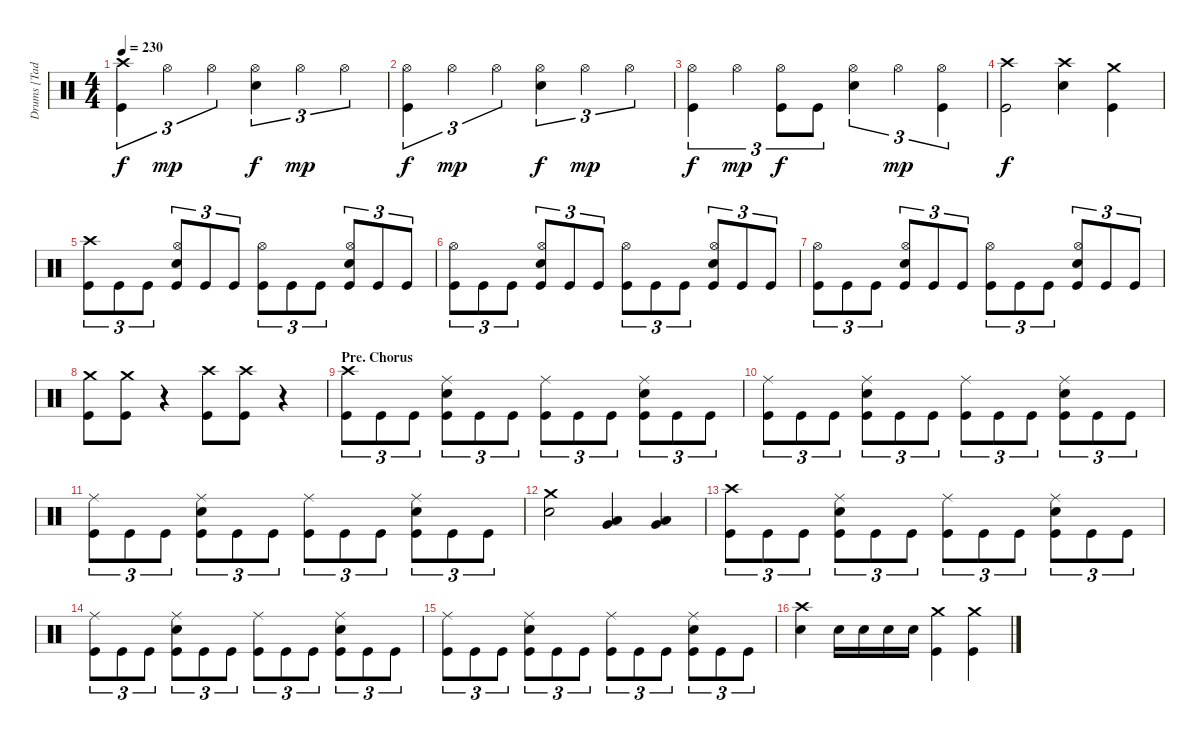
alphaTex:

\track ("Drums [Tad Leger]" "Drums [Tad") {instrument percussion}
\staff {score}
\articulation defaults
\ts (4 4)
\tempo 230
\clef neutral
\ks c
("Crash high (hit)" "Kick (hit)").4{tu (3 2) dy f} "Hi-Hat (open)".4{tu (3 2) dy mp} "Hi-Hat (open)".4{tu (3 2)} ("Hi-Hat (open)" "Electric Snare (hit)").4{tu (3 2) dy f} "Hi-Hat (open)".4{tu (3 2) dy mp} "Hi-Hat (open)".4{tu (3 2)} |
("Hi-Hat (open)" "Kick (hit)").4{tu (3 2) dy f} "Hi-Hat (open)".4{tu (3 2) dy mp} "Hi-Hat (open)".4{tu (3 2)} ("Hi-Hat (open)" "Electric Snare (hit)").4{tu (3 2) dy f} "Hi-Hat (open)".4{tu (3 2) dy mp} "Hi-Hat (open)".4{tu (3 2)} |
("Hi-Hat (open)" "Kick (hit)").4{tu (3 2) dy f} "Hi-Hat (open)".4{tu (3 2) dy mp} ("Hi-Hat (open)" "Kick (hit)").8{tu (3 2) dy f} "Kick (hit)".8{tu (3 2)} ("Hi-Hat (open)" "Electric Snare (hit)").4{tu (3 2)} "Hi-Hat (open)".4{tu (3 2) dy mp} ("Hi-Hat (open)" "Kick (hit)").4{tu (3 2)} |
("Crash high (hit)" "Kick (hit)").2{dy f} ("Crash high (hit)" "Electric Snare (hit)").4 ("Crash medium (hit)" "Kick (hit)").4 |
("Crash high (hit)" "Kick (hit)").8{tu (3 2)} "Kick (hit)".8{tu (3 2)} "Kick (hit)".8{tu (3 2)} ("Hi-Hat (open)" "Electric Snare (hit)" "Kick (hit)").8{tu (3 2)} "Kick (hit)".8{tu (3 2)} "Kick (hit)".8{tu (3 2)} ("Hi-Hat (open)" "Kick (hit)").8{tu (3 2)} "Kick (hit)".8{tu (3 2)} "Kick (hit)".8{tu (3 2)} ("Hi-Hat (open)" "Electric Snare (hit)" "Kick (hit)").8{tu (3 2)} "Kick (hit)".8{tu (3 2)} "Kick (hit)".8{tu (3 2)} |
("Hi-Hat (open)" "Kick (hit)").8{tu (3 2)} "Kick (hit)".8{tu (3 2)} "Kick (hit)".8{tu (3 2)} ("Hi-Hat (open)" "Electric Snare (hit)" "Kick (hit)").8{tu (3 2)} "Kick (hit)".8{tu (3 2)} "Kick (hit)".8{tu (3 2)} ("Hi-Hat (open)" "Kick (hit)").8{tu (3 2)} "Kick (hit)".8{tu (3 2)} "Kick (hit)".8{tu (3 2)} ("Hi-Hat (open)" "Electric Snare (hit)" "Kick (hit)").8{tu (3 2)} "Kick (hit)".8{tu (3 2)} "Kick (hit)".8{tu (3 2)} |
("Hi-Hat (open)" "Kick (hit)").8{tu (3 2)} "Kick (hit)".8{tu (3 2)} "Kick (hit)".8{tu (3 2)} ("Hi-Hat (open)" "Electric Snare (hit)" "Kick (hit)").8{tu (3 2)} "Kick (hit)".8{tu (3 2)} "Kick (hit)".8{tu (3 2)} ("Hi-Hat (open)" "Kick (hit)").8{tu (3 2)} "Kick (hit)".8{tu (3 2)} "Kick (hit)".8{tu (3 2)} ("Hi-Hat (open)" "Electric Snare (hit)" "Kick (hit)").8{tu (3 2)} "Kick (hit)".8{tu (3 2)} "Kick (hit)".8{tu (3 2)} |
("Crash medium (hit)" "Kick (hit)").8 ("Crash medium (hit)" "Kick (hit)").8 r.4 ("Crash high (hit)" "Kick (hit)").8 ("Crash high (hit)" "Kick (hit)").8 r.4 |
\section ("" "Pre. Chorus")
("Crash high (hit)" "Kick (hit)").8{tu (3 2)} "Kick (hit)".8{tu (3 2)} "Kick (hit)".8{tu (3 2)} ("Ride (middle)" "Electric Snare (hit)" "Kick (hit)").8{tu (3 2)} "Kick (hit)".8{tu (3 2)} "Kick (hit)".8{tu (3 2)} ("Ride (middle)" "Kick (hit)").8{tu (3 2)} "Kick (hit)".8{tu (3 2)} "Kick (hit)".8{tu (3 2)} ("Ride (middle)" "Electric Snare (hit)" "Kick (hit)").8{tu (3 2)} "Kick (hit)".8{tu (3 2)} "Kick (hit)".8{tu (3 2)} |
("Ride (middle)" "Kick (hit)").8{tu (3 2)} "Kick (hit)".8{tu (3 2)} "Kick (hit)".8{tu (3 2)} ("Ride (middle)" "Electric Snare (hit)" "Kick (hit)").8{tu (3 2)} "Kick (hit)".8{tu (3 2)} "Kick (hit)".8{tu (3 2)} ("Ride (middle)" "Kick (hit)").8{tu (3 2)} "Kick (hit)".8{tu (3 2)} "Kick (hit)".8{tu (3 2)} ("Ride (middle)" "Electric Snare (hit)" "Kick (hit)").8{tu (3 2)} "Kick (hit)".8{tu (3 2)} "Kick (hit)".8{tu (3 2)} |
("Ride (middle)" "Kick (hit)").8{tu (3 2)} "Kick (hit)".8{tu (3 2)} "Kick (hit)".8{tu (3 2)} ("Ride (middle)" "Electric Snare (hit)" "Kick (hit)").8{tu (3 2)} "Kick (hit)".8{tu (3 2)} "Kick (hit)".8{tu (3 2)} ("Ride (middle)" "Kick (hit)").8{tu (3 2)} "Kick (hit)".8{tu (3 2)} "Kick (hit)".8{tu (3 2)} ("Ride (middle)" "Electric Snare (hit)" "Kick (hit)").8{tu (3 2)} "Kick (hit)".8{tu (3 2)} "Kick (hit)".8{tu (3 2)} |
("Crash medium (hit)" "Electric Snare (hit)").2 ("Very Low Tom (hit)" "Low Tom (hit)").4 ("Very Low Tom (hit)" "Low Tom (hit)").4 |
("Crash high (hit)" "Kick (hit)").8{tu (3 2)} "Kick (hit)".8{tu (3 2)} "Kick (hit)".8{tu (3 2)} ("Ride (middle)" "Electric Snare (hit)" "Kick (hit)").8{tu (3 2)} "Kick (hit)".8{tu (3 2)} "Kick (hit)".8{tu (3 2)} ("Ride (middle)" "Kick (hit)").8{tu (3 2)} "Kick (hit)".8{tu (3 2)} "Kick (hit)".8{tu (3 2)} ("Ride (middle)" "Electric Snare (hit)" "Kick (hit)").8{tu (3 2)} "Kick (hit)".8{tu (3 2)} "Kick (hit)".8{tu (3 2)} |
("Ride (middle)" "Kick (hit)").8{tu (3 2)} "Kick (hit)".8{tu (3 2)} "Kick (hit)".8{tu (3 2)} ("Ride (middle)" "Electric Snare (hit)" "Kick (hit)").8{tu (3 2)} "Kick (hit)".8{tu (3 2)} "Kick (hit)".8{tu (3 2)} ("Ride (middle)" "Kick (hit)").8{tu (3 2)} "Kick (hit)".8{tu (3 2)} "Kick (hit)".8{tu (3 2)} ("Ride (middle)" "Electric Snare (hit)" "Kick (hit)").8{tu (3 2)} "Kick (hit)".8{tu (3 2)} "Kick (hit)".8{tu (3 2)} |
("Ride (middle)" "Kick (hit)").8{tu (3 2)} "Kick (hit)".8{tu (3 2)} "Kick (hit)".8{tu (3 2)} ("Ride (middle)" "Electric Snare (hit)" "Kick (hit)").8{tu (3 2)} "Kick (hit)".8{tu (3 2)} "Kick (hit)".8{tu (3 2)} ("Ride (middle)" "Kick (hit)").8{tu (3 2)} "Kick (hit)".8{tu (3 2)} "Kick (hit)".8{tu (3 2)} ("Ride (middle)" "Electric Snare (hit)" "Kick (hit)").8{tu (3 2)} "Kick (hit)".8{tu (3 2)} "Kick (hit)".8{tu (3 2)} |
("Crash high (hit)" "Electric Snare (hit)").4 "Electric Snare (hit)".16 "Electric Snare (hit)".16 "Electric Snare (hit)".16 "Electric Snare (hit)".16 ("Crash medium (hit)" "Kick (hit)").4 ("Crash medium (hit)" "Kick (hit)").4

=-=-=-=-=

• **Exercise goal**:
State the number of lines in the records that contain the string "medium", and nothing more.

• **Task output**:
4